Native women are unlikely to seek out medication at a non-IHS facility. The federal government provides most primary care services to Native American people free of charge at the facilities run by IHS.
Ensuring this population’s access to emergency contraception is especially pressing considering the high rates of sexual assault among Native women. According to the Department of Justice, about one in three Native American women will be sexually assaulted in her lifetime — a higher per-capita incidence of sexual violence than any other racial group within the United States.
More than a year ago, IHS said it was working on a policy to help address these issues and make Plan B directly available to patients.
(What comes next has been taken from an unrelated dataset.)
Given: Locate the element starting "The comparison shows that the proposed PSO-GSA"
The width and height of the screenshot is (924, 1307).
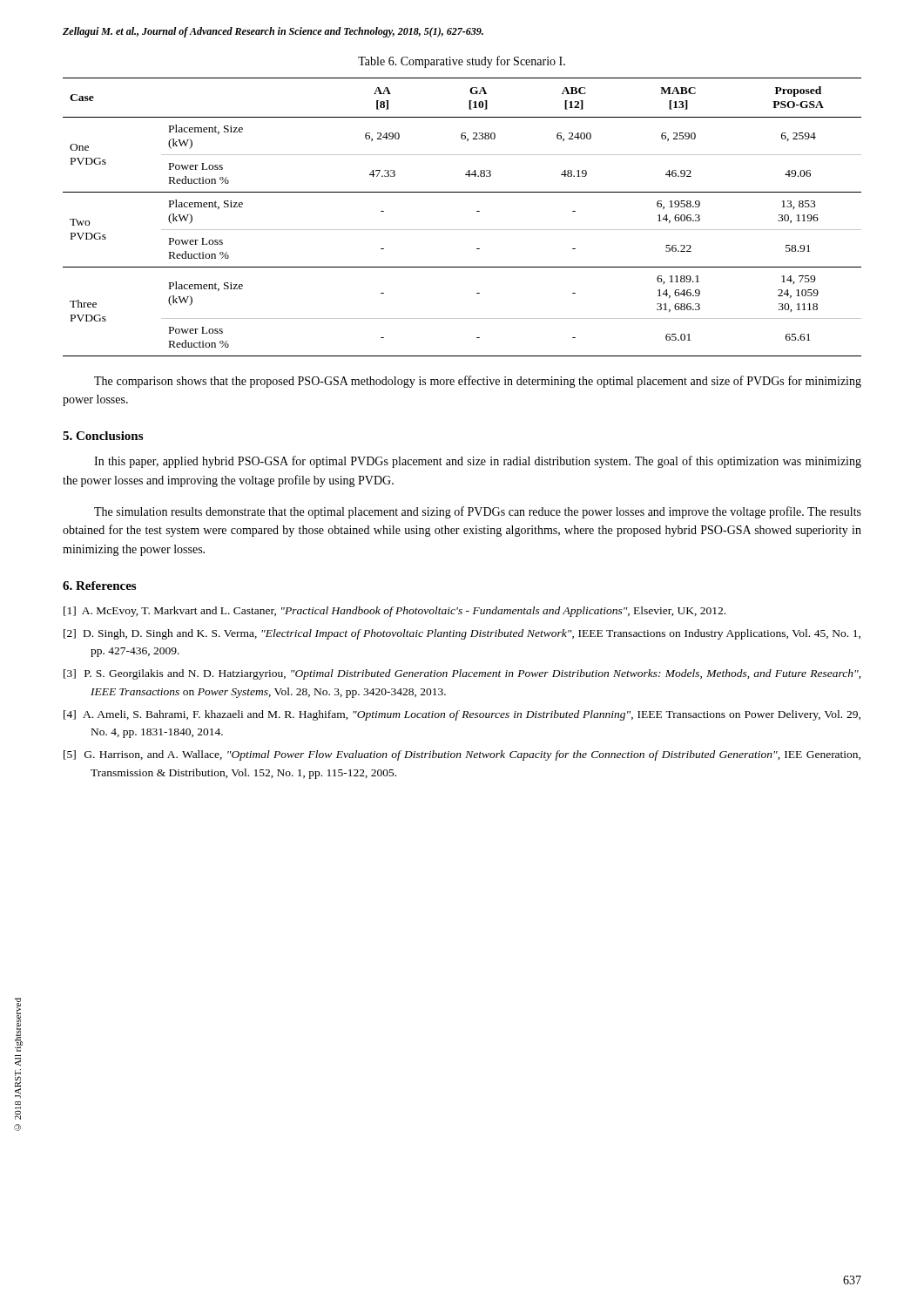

Even though that policy hasn’t yet been finalized and published, the agency told the Associated Press that “all IHS facilities run by the federal government are now under a verbal directive to provide Plan B to women 17 years and older at pharmacy windows without a prescription.”
Women’s health advocates are welcoming the news, but they warn this issue isn’t resolved. They’re pushing for a formalized policy, pointing out that an informal “verbal directive” could end up being revised or rescinded. And they also want IHS to start adhering to the Food and Drug Administration’s new emergency contraception guidelines, which made Plan B available without a prescription to women of all ages.
“We’ve made some progress, and we have to acknowledge that, but there’s still more,” Charon Asetoyer, the director of the Native American Women’s Health Education Resource Center, noted. “They’re still violating our rights to access by denying women who are age 16 and under. …We have to ask, why are we being treated differently?”
Unfortunately, Native American women don’t represent the only group that’s still struggling to access emergency contraception over the counter. Even though prescription-free Plan B was supposed to hit pharmacy shelves on August 1, there’s still a lot of confusion swirling around it. Some people still incorrectly believe Plan B is an abortion-inducing drug, or assume they won’t be able to buy it without a prescription. Some women still can’t afford the $50 price tag. And some pharmacies are refusing to move emergency contraception out from behind the counter precisely because of that price tag, since they assume it might get stolen.